→ **EXERCISE BRIEF**
Please restate each entry word for word and leave the pictures out.

→ **EXERCISE MATERIAL**
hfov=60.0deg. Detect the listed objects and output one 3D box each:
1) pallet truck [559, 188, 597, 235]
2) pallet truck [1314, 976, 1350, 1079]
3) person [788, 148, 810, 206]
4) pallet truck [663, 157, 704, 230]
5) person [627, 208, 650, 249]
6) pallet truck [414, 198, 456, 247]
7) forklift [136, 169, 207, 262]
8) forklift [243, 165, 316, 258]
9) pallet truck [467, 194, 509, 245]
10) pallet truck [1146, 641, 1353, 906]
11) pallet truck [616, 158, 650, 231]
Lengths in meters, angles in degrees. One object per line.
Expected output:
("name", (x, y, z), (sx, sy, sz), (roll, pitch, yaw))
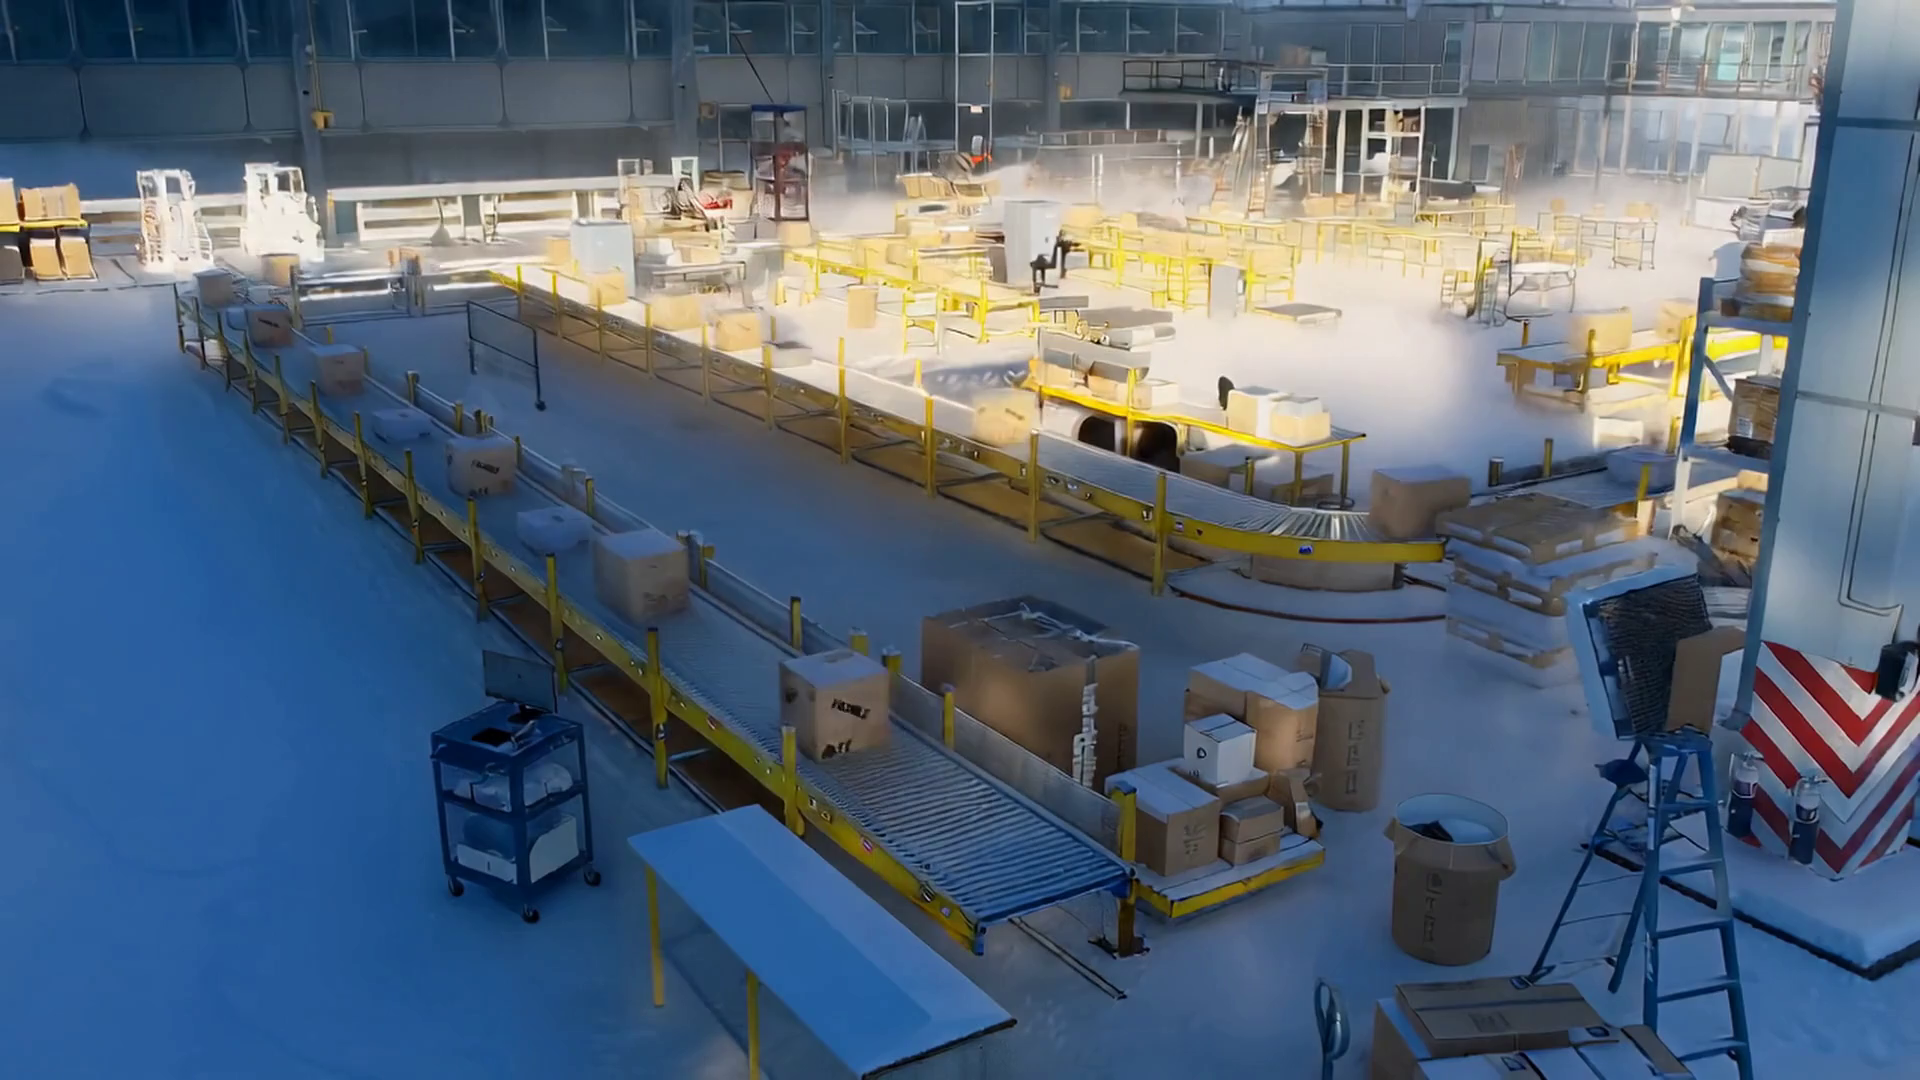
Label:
("pallet truck", (-10.010, -8.652, 43.699), (0.653, 1.274, 1.630), (-10, 20, -31))
("pallet truck", (2.299, 2.390, 7.086), (1.601, 1.201, 0.680), (-2, 17, -7))
("person", (-4.863, -10.892, 50.223), (0.632, 1.845, 1.042), (0, 17, -1))
("pallet truck", (-7.586, -9.308, 44.692), (0.823, 1.965, 1.885), (-11, 20, -33))
("person", (-6.696, -6.300, 34.717), (0.654, 1.978, 1.079), (9, 19, 27))
("pallet truck", (-13.250, -8.060, 41.856), (0.680, 1.201, 1.601), (-10, 20, -31))
("forklift", (-17.842, -7.318, 37.559), (1.157, 1.987, 2.680), (-10, 20, -31))
("forklift", (-15.898, -7.669, 38.708), (1.157, 1.987, 2.680), (-11, 20, -33))
("pallet truck", (-11.983, -8.177, 42.137), (0.704, 1.261, 1.522), (-11, 20, -33))
("pallet truck", (1.664, 1.407, 10.232), (1.630, 1.274, 0.653), (-10, 20, -31))
("pallet truck", (-8.918, -9.176, 44.255), (0.823, 1.965, 1.885), (-9, 19, -27))

→ **RESPONSE TO THE EXERCISE**
hfov=60.0deg. Detect the listed objects and output one 3D box each:
1) pallet truck [559, 188, 597, 235]
2) pallet truck [1314, 976, 1350, 1079]
3) person [788, 148, 810, 206]
4) pallet truck [663, 157, 704, 230]
5) person [627, 208, 650, 249]
6) pallet truck [414, 198, 456, 247]
7) forklift [136, 169, 207, 262]
8) forklift [243, 165, 316, 258]
9) pallet truck [467, 194, 509, 245]
10) pallet truck [1146, 641, 1353, 906]
11) pallet truck [616, 158, 650, 231]
Lengths in meters, angles in degrees. One object per line.
Expected output:
("name", (x, y, z), (sx, sy, sz), (roll, pitch, yaw))
Label:
("pallet truck", (-10.010, -8.652, 43.699), (0.653, 1.274, 1.630), (-10, 20, -31))
("pallet truck", (2.299, 2.390, 7.086), (1.601, 1.201, 0.680), (-2, 17, -7))
("person", (-4.863, -10.892, 50.223), (0.632, 1.845, 1.042), (0, 17, -1))
("pallet truck", (-7.586, -9.308, 44.692), (0.823, 1.965, 1.885), (-11, 20, -33))
("person", (-6.696, -6.300, 34.717), (0.654, 1.978, 1.079), (9, 19, 27))
("pallet truck", (-13.250, -8.060, 41.856), (0.680, 1.201, 1.601), (-10, 20, -31))
("forklift", (-17.842, -7.318, 37.559), (1.157, 1.987, 2.680), (-10, 20, -31))
("forklift", (-15.898, -7.669, 38.708), (1.157, 1.987, 2.680), (-11, 20, -33))
("pallet truck", (-11.983, -8.177, 42.137), (0.704, 1.261, 1.522), (-11, 20, -33))
("pallet truck", (1.664, 1.407, 10.232), (1.630, 1.274, 0.653), (-10, 20, -31))
("pallet truck", (-8.918, -9.176, 44.255), (0.823, 1.965, 1.885), (-9, 19, -27))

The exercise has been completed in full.